Palestinian Man Fears Being Killed for Rescuing Jewish Kids from Terrorist Attack
By Ryan Jones
Israel Today
August 6, 2018
A Palestinian man said he and his wife face almost certain death at the hands of fellow Palestinian Arabs for daring to save the lives of two Israeli Jewish children wounded in a 2016 terrorist attack.
Just over two years ago, on July 1, 2016, Rabbi Miki Mark was driving with his family near the Judean town of Hebron when Palestinian terrorists opened fire on their vehicle.
Rabbi Mark was killed. His wife, Chava, suffered serious injuries, and their two teenage children, Tehila and Pedaya, were lightly-to-moderately wounded.
The Palestinian man in question, whose name has not been published to protect him from further threats, witnessed the attack. He and his wife, who is a medical doctor, immediately called an ambulance and rushed over to the Mark family's overturned vehicle to begin helping the survivors.
The man's wife worked to stop the bleeding from 14-year-old Tehila's open stomach wound, while he hugged and tended to the lighter injuries of a terrified 15-year-old Pedaya.
"It doesn’t matter to me if it was an accident or a terror attack, it’s irrelevant. These are people, children, who need help, and if I can help, I will help them," he told Israel's Hadashot news. "I’m not sorry that I helped Jewish people. I did it because of my heart. And I know that in the end, God will bless me."
But his unabashed willingness to aid wounded Jewish children put this man's life in mortal danger. He recalled that soon after the attack, his neighbors "started calling me a traitor. They started to throw rocks and Molotov cocktails at my car. I was worried that when I left the house I would be burned alive."
Israeli military officials granted the man and his wife a temporary permit to live in Israel proper for their own safety. However, that permit has now expired and Israel has declined to renew it, insisting that the Palestinian man no longer faces such threats and noting that over the past two years he has visited the Palestinian Authority several times without incident.
He disagrees.
"If I go [back to the Palestinian Authority-controlled territories], it is as if I’m going to my death," he told Israeli television.

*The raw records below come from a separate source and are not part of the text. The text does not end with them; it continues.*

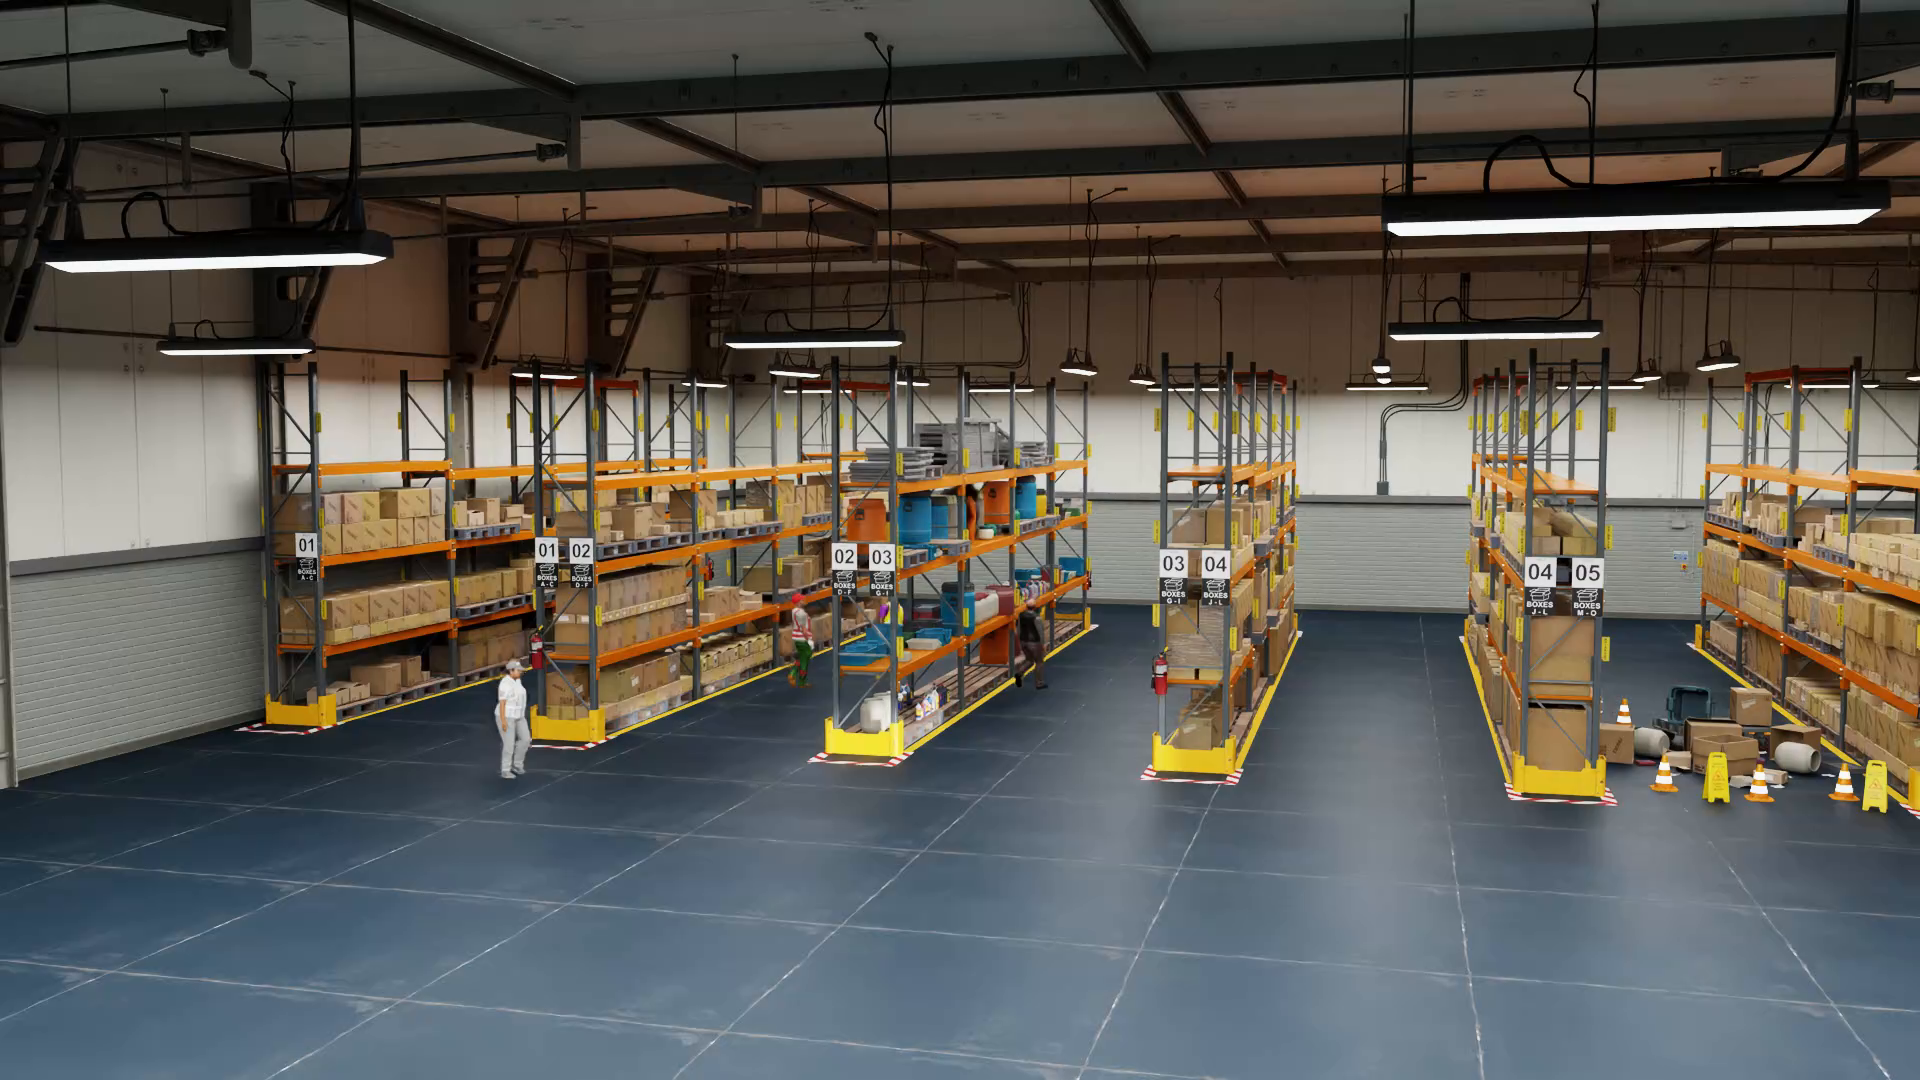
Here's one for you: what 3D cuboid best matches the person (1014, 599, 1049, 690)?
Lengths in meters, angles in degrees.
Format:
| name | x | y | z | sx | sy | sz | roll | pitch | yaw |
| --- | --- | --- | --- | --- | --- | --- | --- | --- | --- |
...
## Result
| name | x | y | z | sx | sy | sz | roll | pitch | yaw |
| --- | --- | --- | --- | --- | --- | --- | --- | --- | --- |
| person | 1.329 | 1.920 | 30.759 | 0.704 | 1.696 | 0.583 | -3 | 5 | -37 |

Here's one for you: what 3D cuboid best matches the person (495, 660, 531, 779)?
| name | x | y | z | sx | sy | sz | roll | pitch | yaw |
| --- | --- | --- | --- | --- | --- | --- | --- | --- | --- |
| person | -6.356 | 2.555 | 23.559 | 0.447 | 1.715 | 0.596 | 1 | 4 | 17 |

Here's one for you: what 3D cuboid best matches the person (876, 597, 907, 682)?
| name | x | y | z | sx | sy | sz | roll | pitch | yaw |
| --- | --- | --- | --- | --- | --- | --- | --- | --- | --- |
| person | -1.284 | 1.830 | 31.899 | 0.697 | 1.737 | 0.599 | -3 | 5 | -32 |

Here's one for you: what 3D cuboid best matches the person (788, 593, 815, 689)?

There is still some hope that the public exposure will compel the government to extend the permit for this brave couple.
In the meantime, the affair provides a pointed reminder as to why a genuine peace remains so elusive.
Two of the primary stipulations of the so-called "Oslo" peace process were that the Palestinians recognize and accept the right of the Jewish people to live in this land, and that the Palestinian Authority educate its population for peaceful coexistence.
As evidenced by the fact that this man's neighbors want to murder him and his wife for having the audacity to help wounded Jewish children, these obligations have still not been fulfilled nearly 25 years after the accords were first signed.
EDITOR’S NOTE: One would think the Israeli government would allow the man and his family to live permanently in Israel if that’s what he wants.